The charts of 380 patients, mean age 74 (range 60 - 98) presenting neovascular AMD were included. Hypertension was known and treated at baseline in 179/380 (47%) patients. Signs of chronic hypertensive retinopathy were found in 100/380 (26.3%) cases. Hypertension was newly diagnosed in 9/100 patients (9%) at CV preoperative (re)evaluation. Treatment of hypertension was modified in 41 % of patients with signs of chronic hypertensive retinopathy. No hypertension was found in 20% of patients with signs of chronic hypertensive retinopathy.
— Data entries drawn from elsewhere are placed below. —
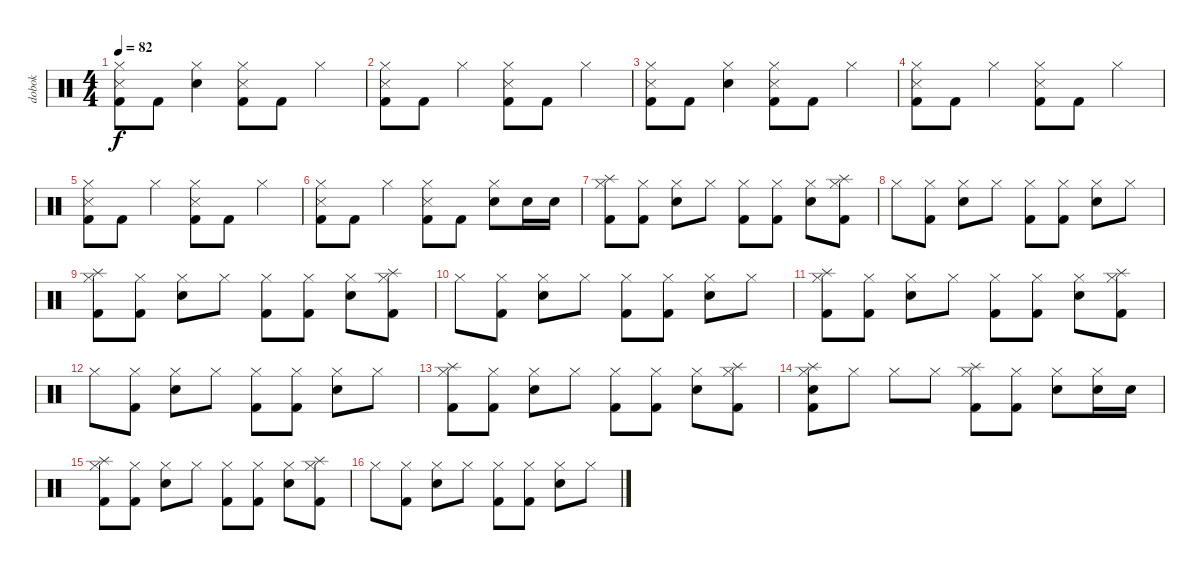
\track ("dobok" "dobok") {instrument percussion}
\staff {score}
\articulation defaults
\ts (4 4)
\tempo 82
\clef neutral
\ks c
("Hi-Hat (closed)" "Snare (side stick) 3" "Kick (hit) 2").8{dy f} "Kick (hit) 2".8 ("Hi-Hat (closed)" "Snare (hit) 2").4 ("Hi-Hat (closed)" "Snare (side stick) 3" "Kick (hit) 2").8 "Kick (hit) 2".8 "Hi-Hat (closed)".4 |
("Hi-Hat (closed)" "Snare (side stick) 3" "Kick (hit) 2").8 "Kick (hit) 2".8 "Hi-Hat (closed)".4 ("Hi-Hat (closed)" "Snare (side stick) 3" "Kick (hit) 2").8 "Kick (hit) 2".8 "Hi-Hat (closed)".4 |
("Hi-Hat (closed)" "Snare (side stick) 3" "Kick (hit) 2").8 "Kick (hit) 2".8 ("Hi-Hat (closed)" "Snare (hit) 2").4 ("Hi-Hat (closed)" "Snare (side stick) 3" "Kick (hit) 2").8 "Kick (hit) 2".8 "Hi-Hat (closed)".4 |
("Hi-Hat (closed)" "Snare (side stick) 3" "Kick (hit) 2").8 "Kick (hit) 2".8 "Hi-Hat (closed)".4 ("Hi-Hat (closed)" "Snare (side stick) 3" "Kick (hit) 2").8 "Kick (hit) 2".8 "Hi-Hat (closed)".4 |
("Hi-Hat (closed)" "Snare (side stick) 3" "Kick (hit) 2").8 "Kick (hit) 2".8 "Hi-Hat (closed)".4 ("Hi-Hat (closed)" "Snare (side stick) 3" "Kick (hit) 2").8 "Kick (hit) 2".8 "Hi-Hat (closed)".4 |
("Hi-Hat (closed)" "Snare (side stick) 3" "Kick (hit) 2").8 "Kick (hit) 2".8 "Hi-Hat (closed)".4 ("Hi-Hat (closed)" "Snare (side stick) 3" "Kick (hit) 2").8 "Kick (hit) 2".8 ("Hi-Hat (closed)" "Snare (hit) 2").8 "Snare (hit) 2".16 "Snare (hit) 2".16 |
("Splash (hit)" "Hi-Hat (closed)" "Kick (hit) 2").8 ("Hi-Hat (closed)" "Kick (hit) 2").8 ("Hi-Hat (closed)" "Snare (hit) 2").8 "Hi-Hat (closed)".8 ("Hi-Hat (closed)" "Kick (hit) 2").8 ("Hi-Hat (closed)" "Kick (hit) 2").8 ("Hi-Hat (closed)" "Snare (hit) 2").8 ("Splash (hit)" "Hi-Hat (closed)" "Kick (hit) 2").8 |
"Hi-Hat (closed)".8 ("Hi-Hat (closed)" "Kick (hit) 2").8 ("Hi-Hat (closed)" "Snare (hit) 2").8 "Hi-Hat (closed)".8 ("Hi-Hat (closed)" "Kick (hit) 2").8 ("Hi-Hat (closed)" "Kick (hit) 2").8 ("Hi-Hat (closed)" "Snare (hit) 2").8 "Hi-Hat (closed)".8 |
("Splash (hit)" "Hi-Hat (closed)" "Kick (hit) 2").8 ("Hi-Hat (closed)" "Kick (hit) 2").8 ("Hi-Hat (closed)" "Snare (hit) 2").8 "Hi-Hat (closed)".8 ("Hi-Hat (closed)" "Kick (hit) 2").8 ("Hi-Hat (closed)" "Kick (hit) 2").8 ("Hi-Hat (closed)" "Snare (hit) 2").8 ("Splash (hit)" "Hi-Hat (closed)" "Kick (hit) 2").8 |
"Hi-Hat (closed)".8 ("Hi-Hat (closed)" "Kick (hit) 2").8 ("Hi-Hat (closed)" "Snare (hit) 2").8 "Hi-Hat (closed)".8 ("Hi-Hat (closed)" "Kick (hit) 2").8 ("Hi-Hat (closed)" "Kick (hit) 2").8 ("Hi-Hat (closed)" "Snare (hit) 2").8 "Hi-Hat (closed)".8 |
("Splash (hit)" "Hi-Hat (closed)" "Kick (hit) 2").8 ("Hi-Hat (closed)" "Kick (hit) 2").8 ("Hi-Hat (closed)" "Snare (hit) 2").8 "Hi-Hat (closed)".8 ("Hi-Hat (closed)" "Kick (hit) 2").8 ("Hi-Hat (closed)" "Kick (hit) 2").8 ("Hi-Hat (closed)" "Snare (hit) 2").8 ("Splash (hit)" "Hi-Hat (closed)" "Kick (hit) 2").8 |
"Hi-Hat (closed)".8 ("Hi-Hat (closed)" "Kick (hit) 2").8 ("Hi-Hat (closed)" "Snare (hit) 2").8 "Hi-Hat (closed)".8 ("Hi-Hat (closed)" "Kick (hit) 2").8 ("Hi-Hat (closed)" "Kick (hit) 2").8 ("Hi-Hat (closed)" "Snare (hit) 2").8 "Hi-Hat (closed)".8 |
("Splash (hit)" "Hi-Hat (closed)" "Kick (hit) 2").8 ("Hi-Hat (closed)" "Kick (hit) 2").8 ("Hi-Hat (closed)" "Snare (hit) 2").8 "Hi-Hat (closed)".8 ("Hi-Hat (closed)" "Kick (hit) 2").8 ("Hi-Hat (closed)" "Kick (hit) 2").8 ("Hi-Hat (closed)" "Snare (hit) 2").8 ("Splash (hit)" "Hi-Hat (closed)" "Kick (hit) 2").8 |
("Splash (hit)" "Hi-Hat (closed)" "Snare (hit) 2" "Kick (hit) 2").8 "Hi-Hat (closed)".8 "Hi-Hat (closed)".8 "Hi-Hat (closed)".8 ("Splash (hit)" "Hi-Hat (closed)" "Kick (hit) 2").8 ("Hi-Hat (closed)" "Kick (hit) 2").8 ("Hi-Hat (closed)" "Snare (hit) 2").8 ("Hi-Hat (closed)" "Snare (hit) 2").16 "Snare (hit) 2".16 |
("Splash (hit)" "Hi-Hat (closed)" "Kick (hit) 2").8 ("Hi-Hat (closed)" "Kick (hit) 2").8 ("Hi-Hat (closed)" "Snare (hit) 2").8 "Hi-Hat (closed)".8 ("Hi-Hat (closed)" "Kick (hit) 2").8 ("Hi-Hat (closed)" "Kick (hit) 2").8 ("Hi-Hat (closed)" "Snare (hit) 2").8 ("Splash (hit)" "Hi-Hat (closed)" "Kick (hit) 2").8 |
"Hi-Hat (closed)".8 ("Hi-Hat (closed)" "Kick (hit) 2").8 ("Hi-Hat (closed)" "Snare (hit) 2").8 "Hi-Hat (closed)".8 ("Hi-Hat (closed)" "Kick (hit) 2").8 ("Hi-Hat (closed)" "Kick (hit) 2").8 ("Hi-Hat (closed)" "Snare (hit) 2").8 "Hi-Hat (closed)".8

No signs of acute hypertensive retinopathy were found in any preoperative angiogram. Adverse CV events (hypertension, stroke, myocardial infarction, thromboembolic complications) after antiVEGF intravitreal injection (bevacizumab or ranicizumab) did not occur in any patient during follow up (2-13 months).
Based on results of previously published studies (Marina, Anchor, Pier), and absence of CV complications in our study, screening for associated hypertensive retinopathy in cases of AMD might be useful to prevent CV complications before intravitreal anti VEGF injection, and to adjust anti hypertensive therapy. Signs of hypertensive retinopathy can be present without hypertension, and are likely to preceed it, as previously reported.